Task:
Copy out all of the data word for word. Omit every picture.

[Data records]
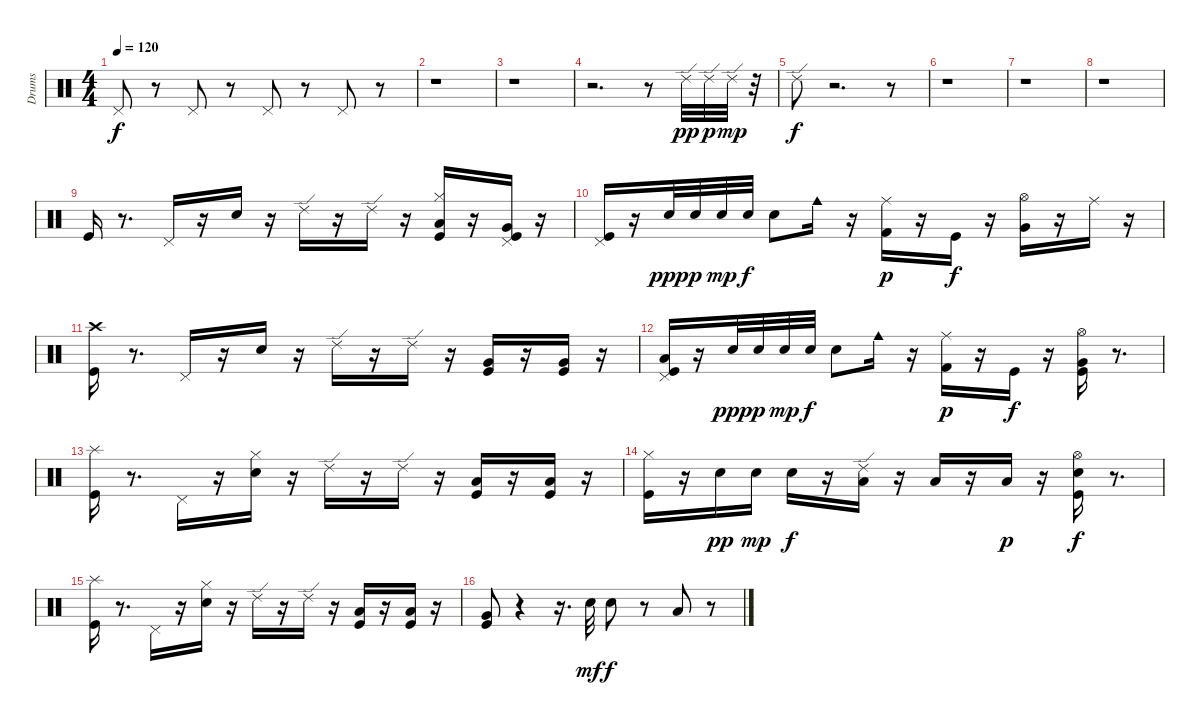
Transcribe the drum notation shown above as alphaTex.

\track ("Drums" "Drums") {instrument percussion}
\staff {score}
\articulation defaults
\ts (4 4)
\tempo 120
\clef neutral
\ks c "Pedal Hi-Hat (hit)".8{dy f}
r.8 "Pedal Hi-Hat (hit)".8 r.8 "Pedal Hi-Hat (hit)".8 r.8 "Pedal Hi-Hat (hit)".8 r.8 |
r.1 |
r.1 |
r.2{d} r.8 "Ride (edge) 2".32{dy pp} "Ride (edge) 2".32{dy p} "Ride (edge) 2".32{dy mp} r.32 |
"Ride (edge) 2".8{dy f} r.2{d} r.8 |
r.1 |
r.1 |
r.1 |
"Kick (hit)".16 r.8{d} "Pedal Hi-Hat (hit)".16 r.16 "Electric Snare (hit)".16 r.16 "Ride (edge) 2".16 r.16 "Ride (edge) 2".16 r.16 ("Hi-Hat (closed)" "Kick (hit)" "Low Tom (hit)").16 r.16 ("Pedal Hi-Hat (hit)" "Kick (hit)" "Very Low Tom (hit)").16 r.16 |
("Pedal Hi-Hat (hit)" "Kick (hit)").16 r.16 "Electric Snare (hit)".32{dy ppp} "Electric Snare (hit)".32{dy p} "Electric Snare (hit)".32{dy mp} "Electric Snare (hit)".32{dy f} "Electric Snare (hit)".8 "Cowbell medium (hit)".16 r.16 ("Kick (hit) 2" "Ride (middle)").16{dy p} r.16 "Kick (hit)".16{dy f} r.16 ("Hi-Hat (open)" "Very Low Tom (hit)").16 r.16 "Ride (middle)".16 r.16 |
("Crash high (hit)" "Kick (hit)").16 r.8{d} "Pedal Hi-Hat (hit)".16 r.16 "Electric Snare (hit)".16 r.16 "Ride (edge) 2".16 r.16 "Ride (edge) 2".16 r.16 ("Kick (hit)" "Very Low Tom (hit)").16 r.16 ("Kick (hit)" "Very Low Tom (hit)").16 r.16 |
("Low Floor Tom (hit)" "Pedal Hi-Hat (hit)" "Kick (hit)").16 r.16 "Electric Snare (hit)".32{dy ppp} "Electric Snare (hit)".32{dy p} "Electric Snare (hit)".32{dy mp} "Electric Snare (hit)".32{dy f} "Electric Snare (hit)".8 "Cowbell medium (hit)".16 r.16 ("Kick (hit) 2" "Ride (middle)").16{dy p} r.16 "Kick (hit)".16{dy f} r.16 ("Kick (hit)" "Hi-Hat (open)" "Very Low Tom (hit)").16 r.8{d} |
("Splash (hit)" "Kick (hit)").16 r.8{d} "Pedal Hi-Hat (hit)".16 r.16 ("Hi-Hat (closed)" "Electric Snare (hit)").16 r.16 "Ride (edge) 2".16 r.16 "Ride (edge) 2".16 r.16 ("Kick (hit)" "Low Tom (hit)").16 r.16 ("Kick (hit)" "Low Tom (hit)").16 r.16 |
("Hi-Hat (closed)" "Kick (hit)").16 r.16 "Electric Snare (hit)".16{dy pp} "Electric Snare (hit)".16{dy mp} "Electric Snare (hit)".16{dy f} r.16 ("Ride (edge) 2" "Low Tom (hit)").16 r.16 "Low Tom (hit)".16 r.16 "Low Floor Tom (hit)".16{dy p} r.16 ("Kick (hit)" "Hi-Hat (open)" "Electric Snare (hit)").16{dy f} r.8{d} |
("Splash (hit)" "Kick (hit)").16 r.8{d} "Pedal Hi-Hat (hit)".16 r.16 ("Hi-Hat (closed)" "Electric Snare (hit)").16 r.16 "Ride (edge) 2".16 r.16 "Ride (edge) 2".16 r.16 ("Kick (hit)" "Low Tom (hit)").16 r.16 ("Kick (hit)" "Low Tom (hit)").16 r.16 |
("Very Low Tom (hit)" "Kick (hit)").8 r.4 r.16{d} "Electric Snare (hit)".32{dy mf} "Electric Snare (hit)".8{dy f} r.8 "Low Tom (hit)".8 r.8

Result of the exercise:
Transcribe the drum notation shown above as alphaTex.

\track ("Drums" "Drums") {instrument percussion}
\staff {score}
\articulation defaults
\ts (4 4)
\tempo 120
\clef neutral
\ks c "Pedal Hi-Hat (hit)".8{dy f}
r.8 "Pedal Hi-Hat (hit)".8 r.8 "Pedal Hi-Hat (hit)".8 r.8 "Pedal Hi-Hat (hit)".8 r.8 |
r.1 |
r.1 |
r.2{d} r.8 "Ride (edge) 2".32{dy pp} "Ride (edge) 2".32{dy p} "Ride (edge) 2".32{dy mp} r.32 |
"Ride (edge) 2".8{dy f} r.2{d} r.8 |
r.1 |
r.1 |
r.1 |
"Kick (hit)".16 r.8{d} "Pedal Hi-Hat (hit)".16 r.16 "Electric Snare (hit)".16 r.16 "Ride (edge) 2".16 r.16 "Ride (edge) 2".16 r.16 ("Hi-Hat (closed)" "Kick (hit)" "Low Tom (hit)").16 r.16 ("Pedal Hi-Hat (hit)" "Kick (hit)" "Very Low Tom (hit)").16 r.16 |
("Pedal Hi-Hat (hit)" "Kick (hit)").16 r.16 "Electric Snare (hit)".32{dy ppp} "Electric Snare (hit)".32{dy p} "Electric Snare (hit)".32{dy mp} "Electric Snare (hit)".32{dy f} "Electric Snare (hit)".8 "Cowbell medium (hit)".16 r.16 ("Kick (hit) 2" "Ride (middle)").16{dy p} r.16 "Kick (hit)".16{dy f} r.16 ("Hi-Hat (open)" "Very Low Tom (hit)").16 r.16 "Ride (middle)".16 r.16 |
("Crash high (hit)" "Kick (hit)").16 r.8{d} "Pedal Hi-Hat (hit)".16 r.16 "Electric Snare (hit)".16 r.16 "Ride (edge) 2".16 r.16 "Ride (edge) 2".16 r.16 ("Kick (hit)" "Very Low Tom (hit)").16 r.16 ("Kick (hit)" "Very Low Tom (hit)").16 r.16 |
("Low Floor Tom (hit)" "Pedal Hi-Hat (hit)" "Kick (hit)").16 r.16 "Electric Snare (hit)".32{dy ppp} "Electric Snare (hit)".32{dy p} "Electric Snare (hit)".32{dy mp} "Electric Snare (hit)".32{dy f} "Electric Snare (hit)".8 "Cowbell medium (hit)".16 r.16 ("Kick (hit) 2" "Ride (middle)").16{dy p} r.16 "Kick (hit)".16{dy f} r.16 ("Kick (hit)" "Hi-Hat (open)" "Very Low Tom (hit)").16 r.8{d} |
("Splash (hit)" "Kick (hit)").16 r.8{d} "Pedal Hi-Hat (hit)".16 r.16 ("Hi-Hat (closed)" "Electric Snare (hit)").16 r.16 "Ride (edge) 2".16 r.16 "Ride (edge) 2".16 r.16 ("Kick (hit)" "Low Tom (hit)").16 r.16 ("Kick (hit)" "Low Tom (hit)").16 r.16 |
("Hi-Hat (closed)" "Kick (hit)").16 r.16 "Electric Snare (hit)".16{dy pp} "Electric Snare (hit)".16{dy mp} "Electric Snare (hit)".16{dy f} r.16 ("Ride (edge) 2" "Low Tom (hit)").16 r.16 "Low Tom (hit)".16 r.16 "Low Floor Tom (hit)".16{dy p} r.16 ("Kick (hit)" "Hi-Hat (open)" "Electric Snare (hit)").16{dy f} r.8{d} |
("Splash (hit)" "Kick (hit)").16 r.8{d} "Pedal Hi-Hat (hit)".16 r.16 ("Hi-Hat (closed)" "Electric Snare (hit)").16 r.16 "Ride (edge) 2".16 r.16 "Ride (edge) 2".16 r.16 ("Kick (hit)" "Low Tom (hit)").16 r.16 ("Kick (hit)" "Low Tom (hit)").16 r.16 |
("Very Low Tom (hit)" "Kick (hit)").8 r.4 r.16{d} "Electric Snare (hit)".32{dy mf} "Electric Snare (hit)".8{dy f} r.8 "Low Tom (hit)".8 r.8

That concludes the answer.